Our best day may be tomorrow, our best song yet to be sung
Our best story still unwritten, finest moment still to come
Best adventure out there waiting, best discovery still unfound
Greatest time we’ve had together? Who knows it might be now
©Copyright 2015 Love Gives More Music
Thinking about our relationship I was thinking back to who we were all those years ago. One of those laugh until you cry memories. And then I thought of all the things I’ve learned since then…
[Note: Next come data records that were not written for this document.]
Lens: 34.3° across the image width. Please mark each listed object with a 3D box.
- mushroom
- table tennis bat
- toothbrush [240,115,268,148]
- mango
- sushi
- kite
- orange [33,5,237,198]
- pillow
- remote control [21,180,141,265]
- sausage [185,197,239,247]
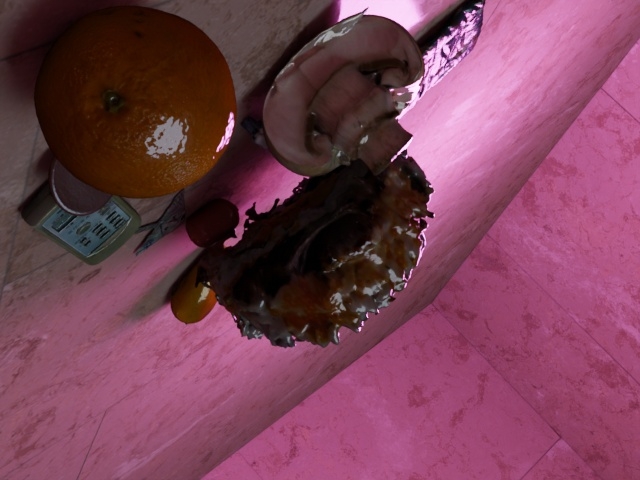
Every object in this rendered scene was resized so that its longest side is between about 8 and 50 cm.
[{"bbox_3d":[0.047,-0.188,1.469,0.253,0.195,0.189,-44,177,9],"label":"mushroom"},{"bbox_3d":[-0.252,-0.095,1.193,0.155,0.019,0.098,-50,136,-27],"label":"table tennis bat"},{"bbox_3d":[-0.039,-0.146,1.664,0.042,0.040,0.418,-44,166,10],"label":"toothbrush"},{"bbox_3d":[-0.206,0.078,1.817,0.101,0.066,0.188,-22,145,-58],"label":"mango"},{"bbox_3d":[0.001,-0.002,1.619,0.417,0.176,0.417,-35,-161,14],"label":"sushi"},{"bbox_3d":[-0.240,-0.025,1.526,0.137,0.005,0.152,-52,164,21],"label":"kite"},{"bbox_3d":[-0.178,-0.133,1.002,0.206,0.206,0.206,-41,166,-13],"label":"orange"},{"bbox_3d":[0.197,-0.316,1.839,0.255,0.034,0.189,-41,166,-11],"label":"pillow"},{"bbox_3d":[-0.294,-0.029,1.304,0.098,0.038,0.233,-43,165,-5],"label":"remote control"},{"bbox_3d":[-0.168,-0.026,1.624,0.094,0.054,0.059,-35,163,-31],"label":"sausage"}]
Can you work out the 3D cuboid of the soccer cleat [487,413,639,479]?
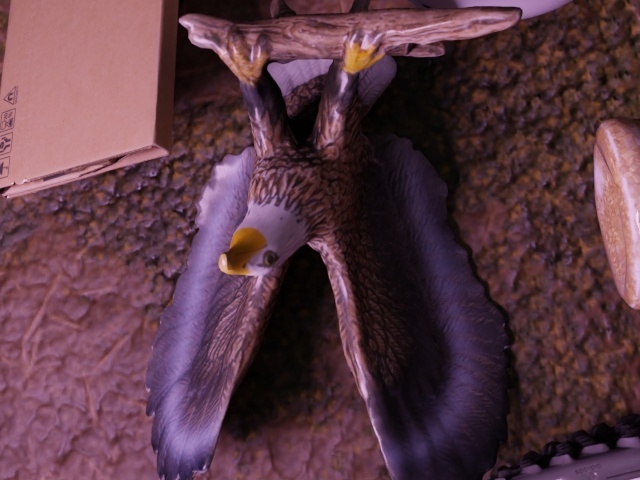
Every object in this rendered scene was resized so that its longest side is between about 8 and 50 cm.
[{"bbox_3d":[0.253,0.149,0.540,0.319,0.108,0.116,-12,83,5],"label":"soccer cleat"}]

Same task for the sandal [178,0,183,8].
[{"bbox_3d":[-0.150,-0.149,0.700,0.067,0.040,0.179,21,84,13],"label":"sandal"}]

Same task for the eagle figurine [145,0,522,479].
[{"bbox_3d":[-0.007,0.004,0.595,0.226,0.225,0.298,25,125,50],"label":"eagle figurine"}]

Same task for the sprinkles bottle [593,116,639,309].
[{"bbox_3d":[0.349,-0.042,0.545,0.356,0.121,0.121,-9,78,9],"label":"sprinkles bottle"}]

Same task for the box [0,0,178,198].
[{"bbox_3d":[-0.164,-0.140,0.662,0.165,0.021,0.201,-11,70,33],"label":"box"}]

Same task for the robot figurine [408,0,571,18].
[{"bbox_3d":[0.106,-0.278,0.586,0.209,0.174,0.278,1,103,30],"label":"robot figurine"}]
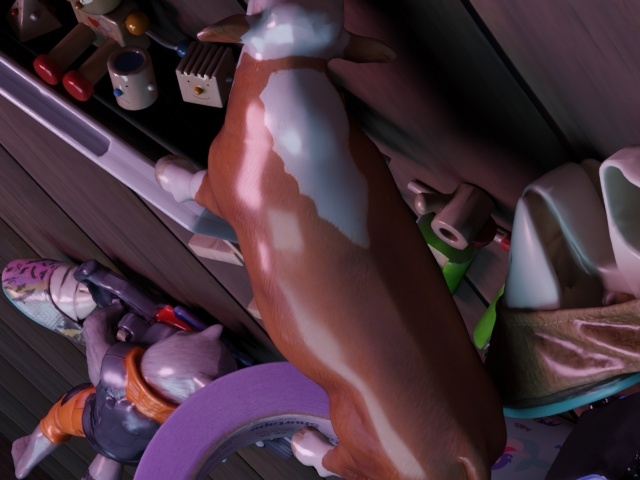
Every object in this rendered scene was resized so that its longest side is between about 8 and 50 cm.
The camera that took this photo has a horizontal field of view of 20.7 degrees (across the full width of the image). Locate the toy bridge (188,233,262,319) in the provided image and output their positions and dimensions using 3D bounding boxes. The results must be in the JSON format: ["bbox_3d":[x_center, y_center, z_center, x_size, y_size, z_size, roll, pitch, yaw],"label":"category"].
[{"bbox_3d":[-0.075,0.002,1.373,0.063,0.026,0.188,13,150,47],"label":"toy bridge"}]

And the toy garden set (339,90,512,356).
[{"bbox_3d":[0.041,-0.007,1.097,0.244,0.049,0.204,35,162,6],"label":"toy garden set"}]

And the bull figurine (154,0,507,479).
[{"bbox_3d":[0.000,0.000,0.942,0.310,0.101,0.188,68,160,-3],"label":"bull figurine"}]

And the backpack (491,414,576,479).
[{"bbox_3d":[0.114,0.237,1.245,0.225,0.253,0.191,22,137,42],"label":"backpack"}]

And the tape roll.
[{"bbox_3d":[-0.024,0.245,1.476,0.275,0.275,0.090,34,163,8],"label":"tape roll"}]

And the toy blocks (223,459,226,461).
[{"bbox_3d":[-0.168,0.203,2.000,0.148,0.054,0.123,37,161,-2],"label":"toy blocks"}]

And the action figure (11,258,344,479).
[{"bbox_3d":[-0.136,0.195,1.683,0.341,0.178,0.330,32,141,1],"label":"action figure"}]

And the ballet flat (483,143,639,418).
[{"bbox_3d":[0.162,0.014,0.859,0.124,0.116,0.342,60,158,-6],"label":"ballet flat"}]

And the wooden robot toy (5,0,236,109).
[{"bbox_3d":[-0.135,-0.136,1.084,0.173,0.076,0.079,28,149,26],"label":"wooden robot toy"}]

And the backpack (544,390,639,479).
[{"bbox_3d":[0.234,0.178,1.093,0.173,0.117,0.158,35,163,-3],"label":"backpack"}]

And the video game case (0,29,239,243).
[{"bbox_3d":[-0.171,-0.089,1.208,0.285,0.025,0.204,36,-177,9],"label":"video game case"}]

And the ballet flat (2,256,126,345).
[{"bbox_3d":[-0.215,0.077,1.767,0.221,0.077,0.079,37,144,-15],"label":"ballet flat"}]
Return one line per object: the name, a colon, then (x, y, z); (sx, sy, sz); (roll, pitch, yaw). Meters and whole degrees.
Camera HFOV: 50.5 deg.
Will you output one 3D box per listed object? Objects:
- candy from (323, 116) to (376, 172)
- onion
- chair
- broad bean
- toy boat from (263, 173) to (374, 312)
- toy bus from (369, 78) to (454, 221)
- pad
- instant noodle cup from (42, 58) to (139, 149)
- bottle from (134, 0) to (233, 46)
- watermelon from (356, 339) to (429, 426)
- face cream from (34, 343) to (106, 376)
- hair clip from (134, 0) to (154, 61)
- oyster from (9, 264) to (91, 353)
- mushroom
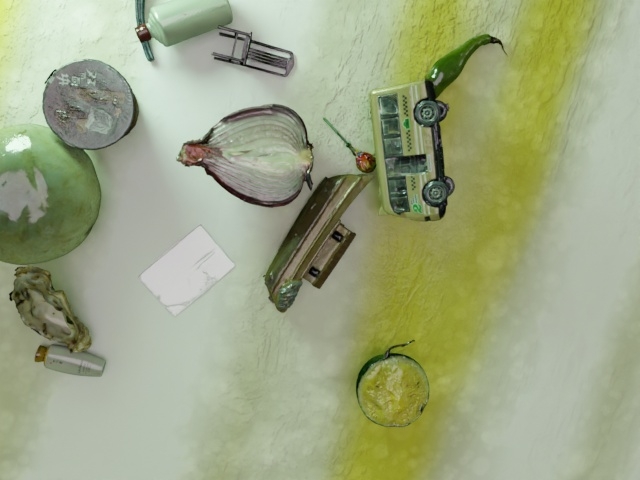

The most important thing I’ve learned and continue to learn is how to love, and how to let someone love me, even the broken places, especially the broken places. I’ve learned that having faith in something is essential. That while hope may be optional, despair destroys. I’ve learned the importance of offering and receiving grace. To be forgiven and to forgive. The person hardest to forgive? Myself. I learned that what we do is important but not as important as who we are. While I’ve heard and believe we are as sick as our secrets, I’ve learned we can also be as healthy as the stories we share and the songs we sing together. I learned the beauty of joy, the power of patience, the gifts that come with gratitude, and the satisfaction that accompanies grit. For a long time, I was unaware of the fear I was living in. Finding, facing, and freeing my fears taught me that I didn’t have to live in them, but I could learn to live with them. And once I learned that I learned of other things buried deep that had defined me that I could now define. I learned there’s a price to pay to repair and redeem, though it’s nowhere near the cost of leaving unrepaired and unredeemed. I found how hard it can be to find and keep my balance. The only way I learned was to get up after I fell or failed and try again. I learned to listen for, to hear and to trust when something rings true. I learned the importance of truth. And kindness. I learned how long, lonely, and dark a night can be and the wonder of awakening to a new day where faith is strong, hope is high, joy abounds, and love abides.
Faith is strong, hope is high, joy abounds, and love abides
©Copyright 2017 Love Gives More Music
Those are some things I’ve learned in the years since I met you. Back when we thought we almost knew it all.
Among other things I’ve learned is the importance of friendship, and partnership, and something I can’t find a better word for than fellowship. I’ve been blessed to have good friends, collaborators, and to have found fellowship with a lot of folks. What makes our relationship unique is that it’s all those things in abundance.
The next Dear Partner letter will talk about how on the Monday after Thanksgiving twenty-five years ago you found your way out of the darkness and into the light. A moment of truth. A moment that changed everything. A moment when you needed someone and trusted me to be there. After we said goodbye that night you went home to someone who believed in you enough to not give up on you. Then somehow it dawned on you that by God you were loved. And when that light went on nothing could or would ever be the same again.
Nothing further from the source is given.